Key Highlights
- Hong Kong-listed cryptocurrency and stablecoin stocks dropped sharply after the PBOC issued a crackdown warning.
- Yunfeng Financial, Bright Smart, and OSL Group saw declines of 10%, 7%, and 5%, respectively.
- Chinese tech firms, including Ant Group and JD.com, paused stablecoin plans amid regulatory scrutiny.
Hong Kong-listed companies with businesses related to cryptocurrency and stablecoins saw their stock prices fall sharply on Monday following a warning from China’s central bank.
The People’s Bank of China (PBOC) said on Saturday that it would crack down on illegal activities involving virtual currencies and stablecoins, citing a resurgence in crypto speculation. The central bank also highlighted that stablecoins did not meet requirements for customer identification and anti-money-laundering controls.
Liu Honglin, Founder of Man Kun Law Firm, commented on the announcement, saying: “Regulators have drawn a concrete red line on what used to be a vague borderline.” He added that the statement “has erased any ambiguity, speculation and illusions” about China’s stablecoin policies.
Stock movements
Following the PBOC statement, shares of cryptocurrency-related companies in Hong Kong fell:
- Yunfeng Financial Group (0376), which has been expanding into cryptocurrency and tokenization, dropped more than 10%, its largest decline in two months.
- Bright Smart Securities and Commodities Group (1428) fell roughly 7%.
- OSL Group (0863), a digital-asset platform, lost over 5%. The decline in share prices followed the PBOC’s warning about cryptocurrency and stablecoin activities.
Investors showed concern over potential new restrictions on businesses operating in this sector in Hong Kong.
Hong Kong’s stablecoin law
In May, Hong Kong passed a bill regulating fiat-backed stablecoins. The law sets out rules for businesses and investors and aims to establish the city as a centre for digital assets.

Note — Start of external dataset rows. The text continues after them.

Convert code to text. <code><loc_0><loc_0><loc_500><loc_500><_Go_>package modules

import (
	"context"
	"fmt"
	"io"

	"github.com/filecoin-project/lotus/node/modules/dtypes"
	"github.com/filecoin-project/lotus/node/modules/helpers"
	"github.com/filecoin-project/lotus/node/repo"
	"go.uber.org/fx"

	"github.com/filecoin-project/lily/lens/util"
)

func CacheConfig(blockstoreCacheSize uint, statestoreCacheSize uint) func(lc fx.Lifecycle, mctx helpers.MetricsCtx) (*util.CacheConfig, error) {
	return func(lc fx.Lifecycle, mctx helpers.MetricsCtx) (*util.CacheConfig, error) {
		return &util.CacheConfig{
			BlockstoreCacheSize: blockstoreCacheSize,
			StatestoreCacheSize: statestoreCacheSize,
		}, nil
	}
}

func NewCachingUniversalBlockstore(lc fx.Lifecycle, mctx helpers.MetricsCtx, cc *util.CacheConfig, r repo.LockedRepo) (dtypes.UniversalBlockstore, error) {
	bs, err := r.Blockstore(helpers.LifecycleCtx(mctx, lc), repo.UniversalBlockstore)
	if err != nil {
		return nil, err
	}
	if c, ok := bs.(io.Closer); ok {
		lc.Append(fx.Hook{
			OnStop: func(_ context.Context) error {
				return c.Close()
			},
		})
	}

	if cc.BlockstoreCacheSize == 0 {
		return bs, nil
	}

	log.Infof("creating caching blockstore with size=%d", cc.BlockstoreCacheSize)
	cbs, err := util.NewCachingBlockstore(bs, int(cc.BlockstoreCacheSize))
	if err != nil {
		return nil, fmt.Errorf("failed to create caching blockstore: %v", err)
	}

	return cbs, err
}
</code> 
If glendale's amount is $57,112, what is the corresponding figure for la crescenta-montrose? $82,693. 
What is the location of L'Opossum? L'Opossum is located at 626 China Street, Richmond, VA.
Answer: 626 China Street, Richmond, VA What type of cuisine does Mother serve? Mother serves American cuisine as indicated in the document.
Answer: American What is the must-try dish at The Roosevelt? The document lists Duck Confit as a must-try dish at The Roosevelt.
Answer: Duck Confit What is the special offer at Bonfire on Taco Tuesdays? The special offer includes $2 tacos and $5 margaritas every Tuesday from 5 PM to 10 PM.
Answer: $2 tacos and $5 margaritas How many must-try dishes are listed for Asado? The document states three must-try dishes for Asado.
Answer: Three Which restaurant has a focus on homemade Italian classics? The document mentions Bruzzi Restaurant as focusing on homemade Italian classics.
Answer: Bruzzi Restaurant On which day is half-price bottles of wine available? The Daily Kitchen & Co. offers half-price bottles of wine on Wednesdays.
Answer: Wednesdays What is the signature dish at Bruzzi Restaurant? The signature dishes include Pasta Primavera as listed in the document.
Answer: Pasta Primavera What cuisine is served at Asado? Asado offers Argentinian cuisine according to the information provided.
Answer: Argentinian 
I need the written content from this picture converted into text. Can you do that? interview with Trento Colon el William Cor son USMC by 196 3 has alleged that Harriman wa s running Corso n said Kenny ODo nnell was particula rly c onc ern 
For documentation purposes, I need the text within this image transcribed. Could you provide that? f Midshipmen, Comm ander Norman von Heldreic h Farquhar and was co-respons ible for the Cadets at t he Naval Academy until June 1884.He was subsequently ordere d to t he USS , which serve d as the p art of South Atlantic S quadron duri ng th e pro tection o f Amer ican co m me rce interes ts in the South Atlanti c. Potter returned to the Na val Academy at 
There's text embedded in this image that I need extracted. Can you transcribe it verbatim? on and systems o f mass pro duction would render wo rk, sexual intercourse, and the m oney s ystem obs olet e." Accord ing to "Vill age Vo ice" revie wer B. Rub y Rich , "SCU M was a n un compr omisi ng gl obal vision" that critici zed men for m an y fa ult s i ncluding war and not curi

After the legislation was introduced, interest in virtual currencies grew in Hong Kong and also attracted attention from investors in mainland China, where cryptocurrency trading has been banned since 2021.
Impact on Chinese companies
After the PBOC statement, Chinese tech companies such as Alibaba-backed Ant Group and e-commerce firm JD.com paused plans to issue stablecoins in Hong Kong. In September, sources told Reuters that China’s securities watchdog had advised some local brokerages to halt their real-world asset tokenisation operations in the city temporarily.
The PBOC issued the warning following a meeting attended by 13 government agencies. The statement outlined the regulatory requirements for stablecoins and highlighted the government’s continued oversight of cryptocurrency activities in Hong Kong.